Wheeler was arrested for aggravated assault with a firearm in August 2023, and before the case was formally dropped in May 2024 there was a real chance of Wheeler facing trial and potential jail time for his alleged actions. Speaking with Renee Paquette on AEW Close Up, Wheeler spoke more of the arrest and court proceedings:

“It was a very rough patch. From August, when I found out about it, to May when everything finally got dismissed, as it should have been the whole time. It was a long stretch. There was a point in time where I couldn’t think about life after May because I knew everything hinged on that. That was the be all, end all. I told my lawyers when it happened; I would not take any sort of plea deal, I would not plead guilty to any charge. I was not guilty and I would not take any sort of plea.
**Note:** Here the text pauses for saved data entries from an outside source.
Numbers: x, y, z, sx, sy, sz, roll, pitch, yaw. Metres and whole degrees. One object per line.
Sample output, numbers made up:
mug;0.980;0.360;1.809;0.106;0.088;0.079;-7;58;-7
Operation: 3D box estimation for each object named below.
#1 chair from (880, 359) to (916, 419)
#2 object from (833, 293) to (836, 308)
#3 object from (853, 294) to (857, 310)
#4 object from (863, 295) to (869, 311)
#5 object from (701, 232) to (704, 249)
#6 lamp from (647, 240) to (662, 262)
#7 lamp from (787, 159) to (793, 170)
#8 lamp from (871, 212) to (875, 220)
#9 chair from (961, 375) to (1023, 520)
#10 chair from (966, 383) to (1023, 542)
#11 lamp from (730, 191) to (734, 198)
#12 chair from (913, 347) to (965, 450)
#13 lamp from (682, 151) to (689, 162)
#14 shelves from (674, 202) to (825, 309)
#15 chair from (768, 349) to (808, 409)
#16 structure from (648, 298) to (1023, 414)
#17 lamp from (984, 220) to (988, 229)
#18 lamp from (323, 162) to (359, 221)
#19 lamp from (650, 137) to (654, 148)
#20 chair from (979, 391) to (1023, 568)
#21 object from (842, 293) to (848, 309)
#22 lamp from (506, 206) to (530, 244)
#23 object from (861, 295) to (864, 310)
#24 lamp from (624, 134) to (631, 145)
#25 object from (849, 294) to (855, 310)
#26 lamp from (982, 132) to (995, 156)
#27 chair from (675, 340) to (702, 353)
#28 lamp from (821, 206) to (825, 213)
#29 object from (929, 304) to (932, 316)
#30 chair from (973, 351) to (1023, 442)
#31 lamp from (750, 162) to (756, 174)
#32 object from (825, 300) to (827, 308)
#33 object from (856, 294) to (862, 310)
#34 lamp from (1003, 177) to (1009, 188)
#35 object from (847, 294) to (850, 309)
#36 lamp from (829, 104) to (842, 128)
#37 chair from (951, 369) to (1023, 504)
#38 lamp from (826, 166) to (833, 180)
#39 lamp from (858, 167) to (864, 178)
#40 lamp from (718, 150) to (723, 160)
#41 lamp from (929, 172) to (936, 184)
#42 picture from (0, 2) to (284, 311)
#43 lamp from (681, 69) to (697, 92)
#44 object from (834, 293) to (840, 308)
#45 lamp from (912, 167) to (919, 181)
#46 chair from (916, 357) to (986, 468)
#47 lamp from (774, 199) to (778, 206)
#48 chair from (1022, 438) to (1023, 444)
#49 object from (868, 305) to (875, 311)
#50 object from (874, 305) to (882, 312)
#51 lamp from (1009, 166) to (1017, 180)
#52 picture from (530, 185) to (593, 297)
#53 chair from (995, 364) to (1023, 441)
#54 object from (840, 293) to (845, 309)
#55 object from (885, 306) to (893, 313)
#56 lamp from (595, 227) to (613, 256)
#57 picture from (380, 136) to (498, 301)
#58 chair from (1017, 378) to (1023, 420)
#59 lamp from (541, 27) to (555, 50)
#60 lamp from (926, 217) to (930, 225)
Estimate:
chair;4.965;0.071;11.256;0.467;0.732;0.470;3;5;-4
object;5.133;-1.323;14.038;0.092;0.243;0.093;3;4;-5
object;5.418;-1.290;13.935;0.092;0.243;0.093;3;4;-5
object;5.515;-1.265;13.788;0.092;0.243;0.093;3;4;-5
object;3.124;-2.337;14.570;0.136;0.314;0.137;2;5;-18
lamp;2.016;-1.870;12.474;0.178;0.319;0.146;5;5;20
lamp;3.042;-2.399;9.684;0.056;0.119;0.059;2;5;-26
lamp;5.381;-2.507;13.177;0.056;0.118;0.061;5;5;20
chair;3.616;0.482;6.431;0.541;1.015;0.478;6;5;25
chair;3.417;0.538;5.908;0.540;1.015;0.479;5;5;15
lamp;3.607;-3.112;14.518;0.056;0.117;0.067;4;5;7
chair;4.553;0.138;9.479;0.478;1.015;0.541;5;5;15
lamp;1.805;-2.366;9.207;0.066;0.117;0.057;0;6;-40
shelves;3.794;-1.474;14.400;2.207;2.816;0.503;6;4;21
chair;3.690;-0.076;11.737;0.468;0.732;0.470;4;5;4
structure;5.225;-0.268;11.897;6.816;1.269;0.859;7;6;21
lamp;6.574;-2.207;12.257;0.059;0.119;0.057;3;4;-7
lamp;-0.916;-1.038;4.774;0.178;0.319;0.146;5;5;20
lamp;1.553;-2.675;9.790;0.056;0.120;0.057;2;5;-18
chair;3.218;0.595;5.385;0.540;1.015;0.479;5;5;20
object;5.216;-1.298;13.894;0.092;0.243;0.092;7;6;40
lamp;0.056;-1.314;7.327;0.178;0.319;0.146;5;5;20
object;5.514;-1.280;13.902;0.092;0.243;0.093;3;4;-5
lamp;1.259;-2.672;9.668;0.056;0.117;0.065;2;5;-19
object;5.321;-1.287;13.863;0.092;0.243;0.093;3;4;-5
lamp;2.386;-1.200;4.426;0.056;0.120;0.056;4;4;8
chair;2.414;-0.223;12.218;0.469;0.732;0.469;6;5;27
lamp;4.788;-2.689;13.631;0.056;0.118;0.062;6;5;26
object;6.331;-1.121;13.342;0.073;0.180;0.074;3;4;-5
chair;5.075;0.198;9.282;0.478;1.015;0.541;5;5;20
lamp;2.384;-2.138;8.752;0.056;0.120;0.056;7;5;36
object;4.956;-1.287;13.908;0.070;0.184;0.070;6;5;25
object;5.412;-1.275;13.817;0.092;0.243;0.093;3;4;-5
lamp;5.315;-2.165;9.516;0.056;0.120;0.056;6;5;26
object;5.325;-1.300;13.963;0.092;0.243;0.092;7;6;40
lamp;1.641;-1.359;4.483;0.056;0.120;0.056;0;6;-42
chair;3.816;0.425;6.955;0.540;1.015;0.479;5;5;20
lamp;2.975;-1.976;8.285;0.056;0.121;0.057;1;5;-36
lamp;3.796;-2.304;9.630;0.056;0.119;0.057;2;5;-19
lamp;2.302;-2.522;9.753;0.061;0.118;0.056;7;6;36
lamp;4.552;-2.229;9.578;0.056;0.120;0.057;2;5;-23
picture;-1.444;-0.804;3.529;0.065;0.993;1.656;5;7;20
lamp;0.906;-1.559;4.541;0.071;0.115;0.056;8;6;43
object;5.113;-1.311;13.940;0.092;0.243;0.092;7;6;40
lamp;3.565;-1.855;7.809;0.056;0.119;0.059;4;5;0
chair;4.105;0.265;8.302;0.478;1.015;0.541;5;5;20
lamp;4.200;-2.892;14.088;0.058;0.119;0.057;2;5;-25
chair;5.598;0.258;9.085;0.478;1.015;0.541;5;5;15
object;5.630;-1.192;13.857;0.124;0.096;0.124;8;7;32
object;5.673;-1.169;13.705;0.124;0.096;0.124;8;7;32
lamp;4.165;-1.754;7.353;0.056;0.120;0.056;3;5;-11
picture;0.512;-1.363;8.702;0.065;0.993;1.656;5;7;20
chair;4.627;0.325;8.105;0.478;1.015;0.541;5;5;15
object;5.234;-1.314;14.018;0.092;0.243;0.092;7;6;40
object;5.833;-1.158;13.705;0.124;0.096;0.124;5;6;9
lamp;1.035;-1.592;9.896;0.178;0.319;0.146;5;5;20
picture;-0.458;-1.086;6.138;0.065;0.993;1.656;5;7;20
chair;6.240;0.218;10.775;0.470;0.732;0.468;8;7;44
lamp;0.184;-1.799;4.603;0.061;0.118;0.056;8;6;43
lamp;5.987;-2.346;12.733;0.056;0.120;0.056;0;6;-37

On the flip of that, it means I faced the full repercussions if they do find me guilty,” said Wheeler.

Cash continued, noting what repercussions he could have faced if found guilty:

“I don’t know for sure because it’s based on priors and history, which I don’t have. The maximum, if the judge sees fit, is five years in prison. I knew that, but I also knew that I didn’t do it and I was not going to sit here and be like, ‘I’ll take any charge to not go to jail.’ If I do that, AEW has to get rid of me. I can never leave the country again. Everything I ever worked for, over something that never happened.

“The way it all went about, I don’t see how it ever got that far. I didn’t find out about it until a week after the fact. They never pulled me over and found anything. They never came to my house and searched. They never had a witness, a picture, a video. All they had was one guy’s statement and that was it. I found out a week later that there was already an arrest warrant for me.”

Wheeler’s tag partner Dax Harwood noted that Wheeler offered to retire in order to save Harwood from any fallout:

“I don’t want to speak for him. From my perspective, he told me when everything happened. I guess a week after he told me what happened, he said, we have two separate contracts. He said, ‘I think I’m going to retire because I don’t want to subject you to any of this stuff that I’m going through.’ He knew the backlash on Twitter because it’s a cesspool. ‘I’m just going to retire. You don’t have to worry because your contract is with you. I’m going to leave wrestling.’ I had to talk him into not retiring,” said Harwood.

“I was afraid. I was afraid for him, but I was afraid for us. We’ve worked so hard…now, it’s almost cliche to say, ‘I bet on myself.’ If you really think about it, we were the first guys that left the other company because we believed in what we thought we could be. We had done so much great stuff and had built this legacy that I am so proud of.

“I remember all those days, coming into work, talking to him on the phone, I had to be so positive for him because I knew, if it were me, there is no way I could sleep at night. Sometimes, if you have that calming voice…when we went to Wembley and wrestled The Bucks in front of 80,000 people, that’s when I was like, ‘I think we’re going to be okay.’ I was expecting the fans to turn on us. They didn’t. They embraced us and loved us more.”